Marriage changes everything. In North Carolina, it transforms the act of statutory rape of a girl of 15 into a legal act. In other words, you can’t be charged with statutory rape of a girl 15 years or younger if you are less than six years younger than the girl or legally married to her.
Until this week, it was legal to marry a girl as young as 14 if she became pregnant or if a judge agreed. It was legal for anyone to marry a 16-year-old with parental permission.
Now, Gov. Roy Cooper has signed a law that outlaws marriage to 14- and 15-year-olds altogether and bans 16- and 17-year-olds from marrying someone more than four years older than themselves.
The legislation was passed to counter a troubling trend: people from other states coming to North Carolina to marry child brides. Buncombe County, for example, had become a destination for adults from Georgia, Tennessee, Kentucky and South Carolina to bring their child brides for weddings, since all of those states have raised their minimum age for marriage.
In fact, last year, two-thirds of the marriage license applications in Buncombe County that involved a person under the age of 18 were submitted by people who are not residents of North Carolina. One example involved a 49-year-old man and a 17-year-old girl from Kentucky.
Child marriage is rarely between love-struck teenagers
Recently, the International Center for Research on Women studied marriage license applications between 2000 and 2019. Between 2000 and 2015, almost 9,000 minors were parties to marriage licenses in North Carolina, putting the state in the top 5 for child marriages during that period.
Of all marriage license applications involving someone under 18 between 2000 and 2019, 93% involved a minor and an adult.
“It disrupts the notion that if child marriage happens, it is the Romeo-and-Juliet scenario of two 17-year-olds who just can’t wait to love each other,” said one of the study’s co-authors.
Tahirih Justice Center, an organization that works to end child marriage in the U.S., found similar information.

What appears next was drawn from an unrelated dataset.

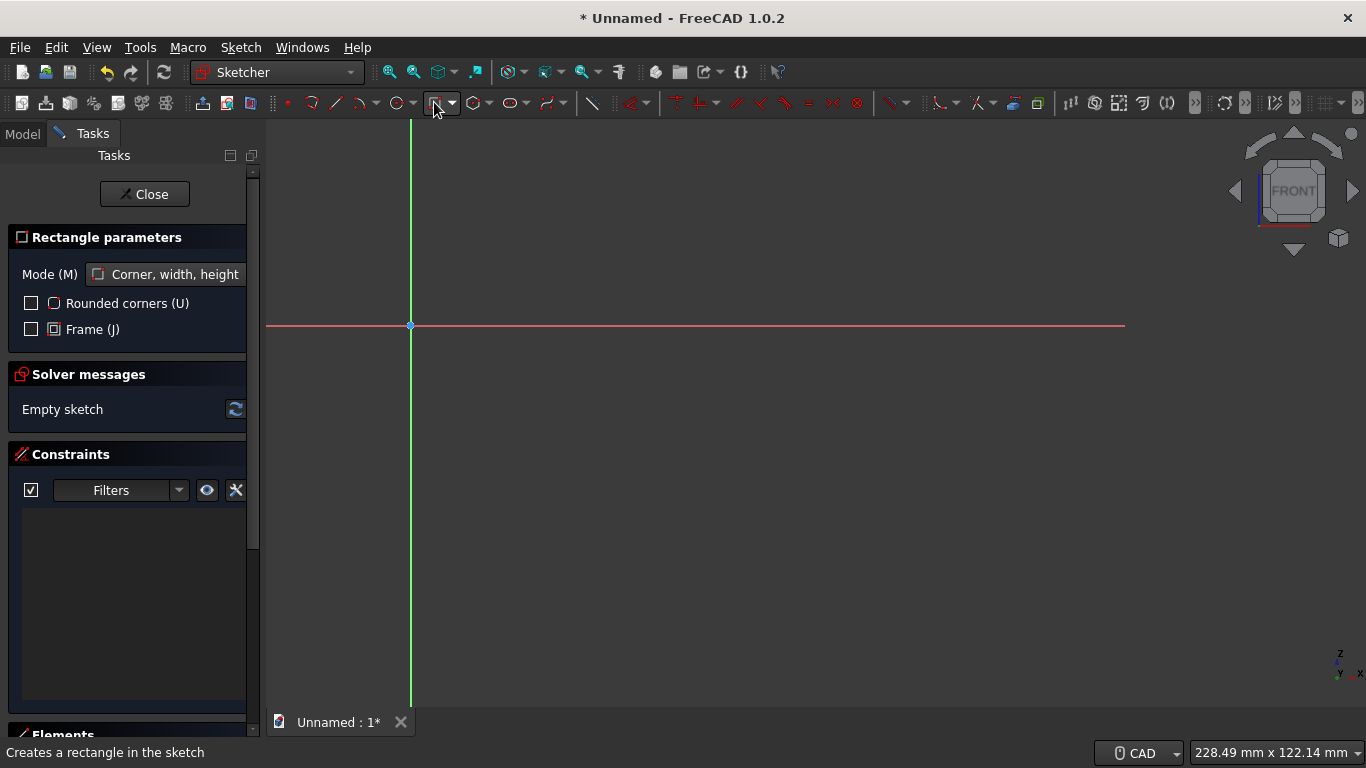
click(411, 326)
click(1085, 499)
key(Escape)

It estimates that over 200,000 children have been married in the U.S. since 2000, the majority of which involved girls being married to adult men.
The organization argues that child marriages risk sexual and domestic violence against the teen, increased mental and physical health problems, higher school dropout rates and increased chances of poverty. Moreover, around 80% of child marriages end in divorce.
Still, some lawmakers pointed to anecdotes of child marriages working out all right in the long term as a reason to keep the existing law, or at least to oppose a change that would have made it illegal for anyone under 18 to marry at all.
Reporters spoke to women who were married off as children.
“I know what it feels like to be helpless and afraid and to do everything from a basis of fear — and I can imagine that there are a lot of people who feel that way,” said one.
Another woman who was married and pregnant at 13 in the 1970s told lawmakers that the law failed to protect her from her husband’s abuse. “I’m speaking in favor of the bill because I feel nobody did it for me,” she said.
The new age limit passed unanimously
There was a bit of wrangling over whether the bill should prohibit underage marriage altogether or limit it to those 16 and older. In the end, the latter version passed both houses of the legislature unanimously. Gov. Cooper signed the bill into law on Thursday.
“As a conservative Christian, I am a strong supporter of the sacrament of marriage,” said Rep Kristin Baker (R.-Concord). “As a child psychiatrist, I am determined to protect our vulnerable youth, and to enhance their chances for happy, healthy futures. I believe this bill achieves both those measures, and I am honored to be a part of this critical effort.”
The new law brings some consistency to our state’s theory on wrongful sexual intercourse. Now, marriage is no longer a defense for the statutory rape of a 15-year-old.